Control of the location of the volcanic front in island arcs by aqueous fluid connectivity in the mantle wedge

Abstract

The water released from descending oceanic lithosphere is thought to have an important role in subduction-zone magmatism, as this water might trigger partial melting of the mantle wedge above the subducting plate1,2,3,4,5,6,7,8. If, however, there is incomplete wetting of mineral grain boundaries in the mantle (that is, the dihedral angle9 at the triple junctions between grains is more than 60°), then the water would not form an interconnected network and might instead be trapped as interstitial fluid in the mantle peridotite.
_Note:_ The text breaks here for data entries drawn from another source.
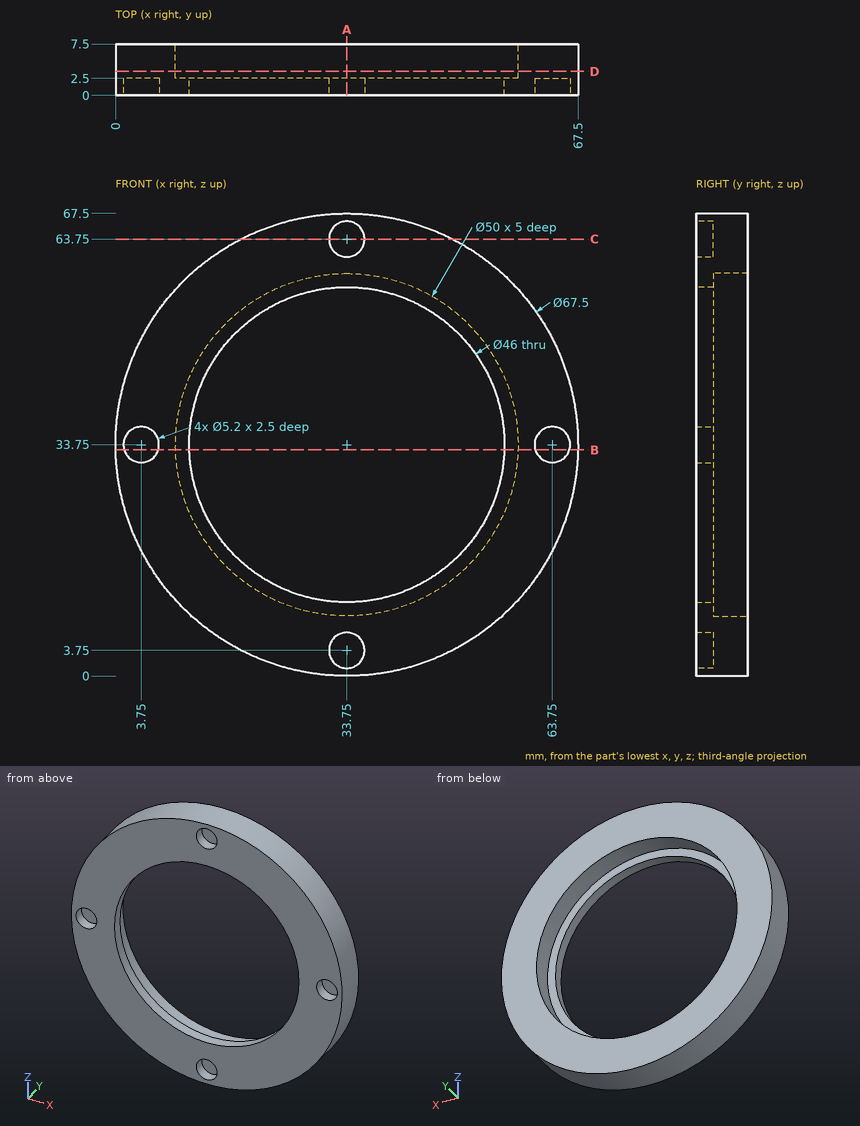
The figure shows three views and two pictorial views of one solid part (mm, origin at its lowest corner). Answer the questions. Give positions to 0.01 mm unless a question says otherwise; leave off trailing zeros. Loops run counter-clockwise (first coordinate to the right, second up) from the corner with the lowest first, then second, coordinate; pieces in that order, holes last. Notation, with made-up numbers: (19, -6) - (40, -6) arc R32 cw to (40, 28) - close; hole circle Ø7 at (-33, -22.75). An arc over 180 degrees is marked (long way). Answer in a Markdown table with one row per item.
(1) Section D-D (y = 3.5) is taken. Give the vertices of the cut face in (x, z).
Results list:
| item | result |
|---|---|
| outline | circle Ø67.5 at (33.75, 33.75); hole circle Ø50 at (33.75, 33.75) |
(2) Section C-C (z = 63.75) is taken. Give the vertices of the cut face in (x, y).
Results list:
| item | result |
|---|---|
| outline | (18.29, 0) - (31.15, 0) - (31.15, 2.5) - (36.35, 2.5) - (36.35, 0) - (49.21, 0) - (49.21, 7.5) - (18.29, 7.5) - close |
(3) Consider L1, parallel to X at y = 0.75, z = 33.75; L2, parallel to X at y = 3.5, z = 33.75; L3, parallel to Z at x = 36, y = 1.25. Determine where each line is inside the solid, lowest interval first. Write a range as [from, to].
Results list:
| item | result |
|---|---|
| L1 | x = [0, 1.15], [6.35, 10.75], [56.75, 61.15], [66.35, 67.5] |
| L2 | x = [0, 8.75], [58.75, 67.5] |
| L3 | z = [0.08, 2.45], [5.05, 10.86], [56.64, 62.45], [65.05, 67.42] |
(4) Section A-A (x = 33.75) is taken. Give the vertices of the cut face in (y, z), and give its area (3 significant figures).
Results list:
| item | result |
|---|---|
| outline | (0, 0) - (7.5, 0) - (7.5, 8.75) - (2.5, 8.75) - (2.5, 10.75) - (0, 10.75) - (0, 6.35) - (2.5, 6.35) - (2.5, 1.15) - (0, 1.15) - close; (0, 56.75) - (2.5, 56.75) - (2.5, 58.75) - (7.5, 58.75) - (7.5, 67.5) - (0, 67.5) - (0, 66.35) - (2.5, 66.35) - (2.5, 61.15) - (0, 61.15) - close |
| area | 115 mm² |
(5) Section B-B (z = 33) is taken. Give the vertices of the cut face in (x, y), and give its area (3 significant figures).
Results list:
| item | result |
|---|---|
| outline | (0.01, 0) - (1.26, 0) - (1.26, 2.5) - (6.24, 2.5) - (6.24, 0) - (10.76, 0) - (10.76, 2.5) - (8.76, 2.5) - (8.76, 7.5) - (0.01, 7.5) - close; (56.74, 0) - (61.26, 0) - (61.26, 2.5) - (66.24, 2.5) - (66.24, 0) - (67.49, 0) - (67.49, 7.5) - (58.74, 7.5) - (58.74, 2.5) - (56.74, 2.5) - close |
| area | 116 mm² |
(6) Flat-ended cylindrical pins translate along their axes: pin 1 Ø2.5 at (x, z) = (4, 33) entering from -Y; pin 2 Ø5.5 at (x, z) = (64.5, 33.5) entering from -Y; pin 3 Ø1 at (y, z) = (6.5, 27.5) entering from -X; pin 4 Ø10 at (x, z) = (15, 30) entering from +Y. Find the tip coordinate at first contact, or state that the pin passes through.
Results list:
| item | result |
|---|---|
| pin 1 | stops at y = 2.5 |
| pin 2 | stops at y = 0 |
| pin 3 | stops at x = 0.49 |
| pin 4 | stops at y = 2.5 |

The water would then be transported to deeper parts of the mantle rather than triggering partial melting. Here we use dihedral-angle data to estimate the connectivity of an aqueous fluid phase in a model upper-mantle mineral assemblage (forsterite) at pressures from 3 to 5 GPa (corresponding to depths of ∼80–150 km). By combining these data with previous results10,11, we find that the dihedral angle is greater than 60° at low pressure and temperature (<1,000 °C at 2 GPa and <800 °C at 4 GPa) and lower than 60° at higher pressures and temperatures, suggesting that wetting is incomplete below these conditions. This indicates that the connectivity of water in hydrous upper-mantle peridotite at convergent plate boundaries might control the position of the volcanic front in island arcs.